The course is divided into four main parts:
Wild and wide – concerning randomness and distributions
The course will begin with some exercises and demonstrations of the unexpected wildness of random phenomena including the effects of bias and non-independence (when one result effects others).
We will discuss different kinds of distribution and the reasons why the normal distribution (classic hat shape), on which so many statistical tests are based, is so common. In particular we will look at some of the ways in which the effects we see in HCI may not satisfy the assumptions behind the normal distribution.
Most will be aware of the use of non-parametric statistics for discrete data such as Likert scales, but there are other ways in which non-normal distributions arise. Positive feedback effects, which give rise to the beauty of a snowflake, also create effects such as the bi-modal distribution of student marks in certain kinds of university courses (don’t believe those who say marks should be normally distributed!). This can become more complex if feedback processes include some form of threshold or other non-linear effect (e.g. when the rate of a task just gets too much for a user).
All of these effects are found in the processes that give rise to social networks both online and offline and other forms of network phenomena, which are often far better described by a long-tailed ‘power law’.
Doing it – if not p then what
In this part we will look at the major kinds of statistical analysis methods:
- Hypothesis testing (the dreaded p!) – robust but confusing
- Confidence intervals – powerful but underused
- Bayesian stats – mathematically clean but fragile
- Simulation based – rare but useful
None of these is a magic bullet; all need care and a level of statistical understanding to apply.
We will discuss how these are related including the relationship between ‘likelihood’ in hypothesis testing and conditional probability as used in Bayesian analysis. There are common issues including the need to clearly report numbers and tests/distributions used. avoiding cherry picking, dealing with outliers, non-independent effects and correlated features. However, there are also specific issues for each method.

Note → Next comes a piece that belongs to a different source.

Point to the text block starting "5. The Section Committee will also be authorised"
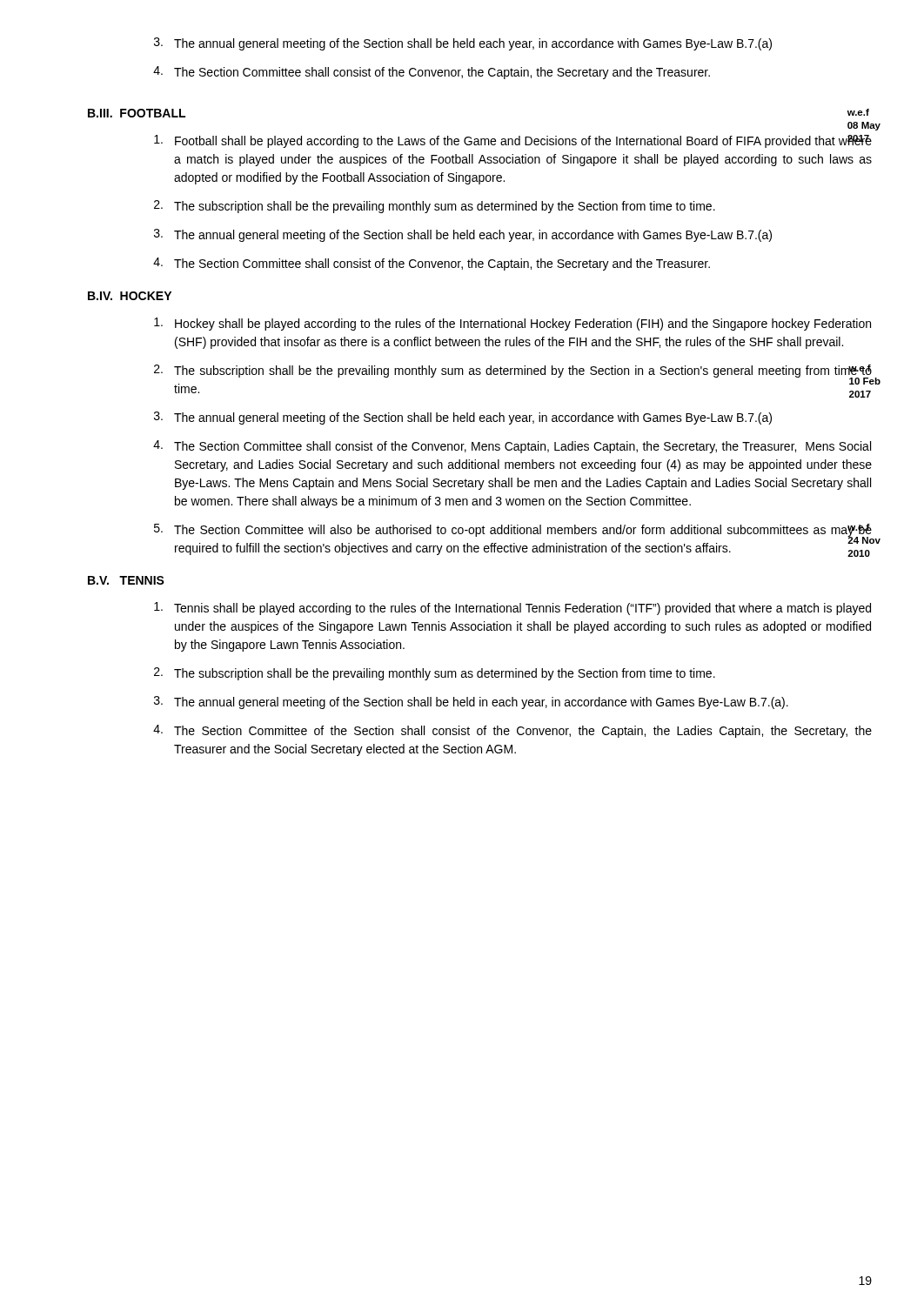(x=506, y=539)
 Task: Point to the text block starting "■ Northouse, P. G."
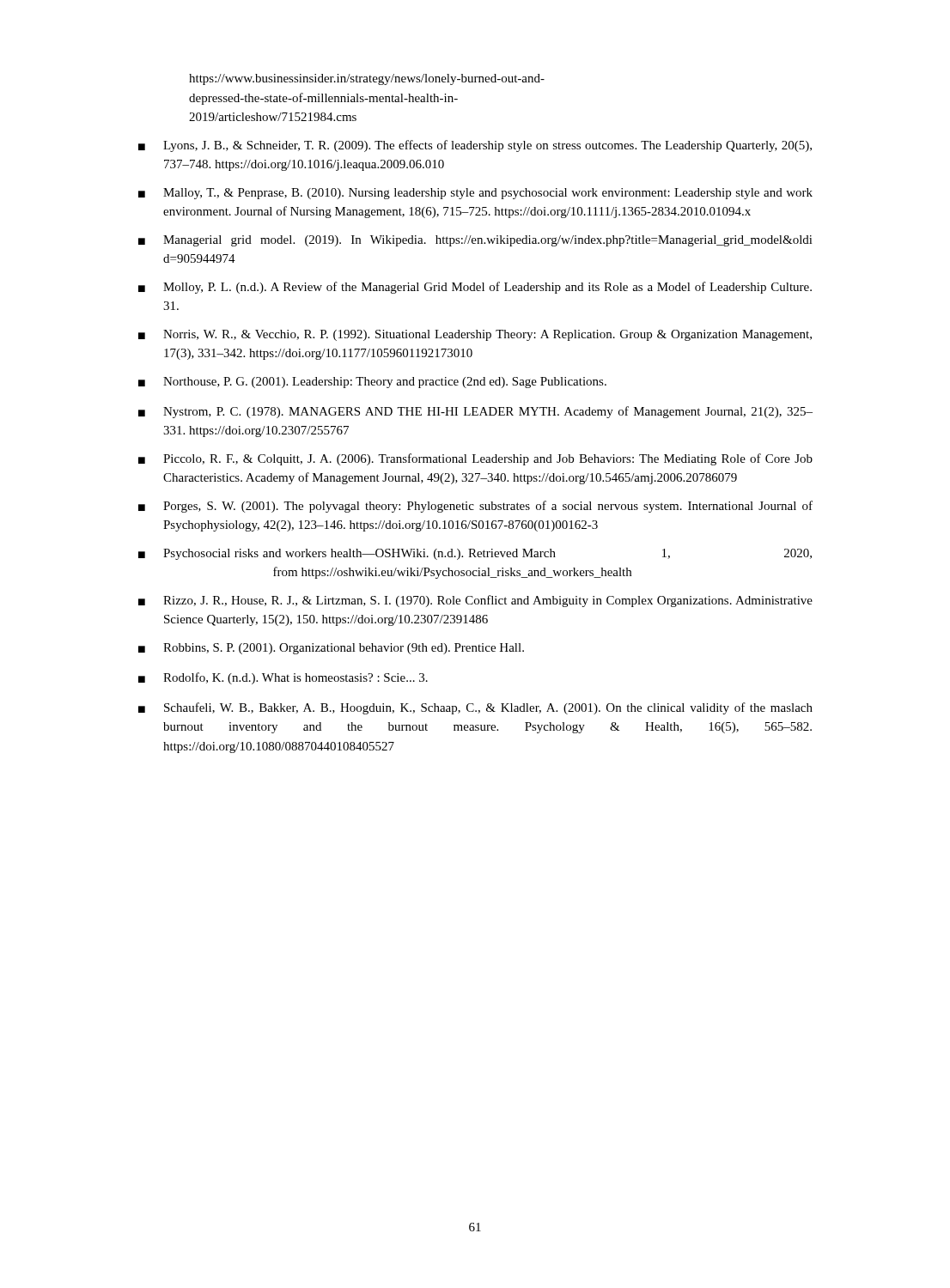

Classic statistical methods used in hypothesis testing and confidence intervals depend on ideas of ‘worse’ for measures, which are sometimes obvious, sometimes need thought (one vs. two tailed test), and sometimes outright confusing. In addition, care is needed in hypothesis testing to avoid classic fails such as treating non-significant as no-effect and inflated effect sizes.
In Bayesian statistics different problems arise: the need to be able to decide in a robust and defensible manner what are the expected likelihood of different hypothesis before an experiment; and the dangers of common causes leading to inflated probability estimates due to a single initial fluke event or optimistic prior.
Crucially, while all methods have problems that need to be avoided, we will see how not using statistics at all can be far worse.
Gaining power – the dreaded ‘too few participants’
Statistical power is about whether an experiment or study is likely to reveal an effect if it is present. Without a sufficiently ‘powerful’ study, you risk being in the middle ground of ‘not proven’, not being able to make a strong statement either for or against whatever effect, system, or theory you are testing.
In HCI studies the greatest problem is often finding sufficient participants to do meaningful statistics. For professional practice we hear that ‘five users are enough’, but less often that this figure was based on particular historical contingencies and in the context of single iterations, not summative evaluations, which still need the equivalent of ‘power’ to be reliable.
However, power arises from a combination of the size of the effect you are trying to detect, the size of the study (number of trails/participants) and the size of the ‘noise’ (the random or uncontrolled factors).
Increasing number of participants is not the only way to increase power and we will discuss various ways in which careful design, selection of subjects and tasks can increase the power of your study albeit sometimes requiring care in interpreting results. For example, using a very narrow user group can reduce individual differences in knowledge and skill (reduce noise) and make it easier to see the effect of a novel interaction technique, but also reduces generalisation beyond that group. In another example, we will also see how careful choice of a task can even be used to deal with infrequent expert slips.
So what? – making sense of results
You have done your experiment or study and have your data – what next, how do you make sense of the results? In fact one of the best ways to design a study is to imagine this situation before you start!
This part will address a number of questions to think about during analysis (or design) including: Whether your work is to test an existing hypothesis (validation) or to find out what you should be looking for (exploration)? Whether it is a one-off study, or part of a process (e.g. ‘5 users’ for iterative development)? How to make sure your results and data can be used by others (e.g. repeatability, meta analysis)? Looking at the data, and asking if it makes sense given your assumptions (e.g. Fitts’ Law experiments that assume index of difficulty is all that matters). Thinking about the conditions – what have you really shown – some general result or simply that one system or group of users is better than another?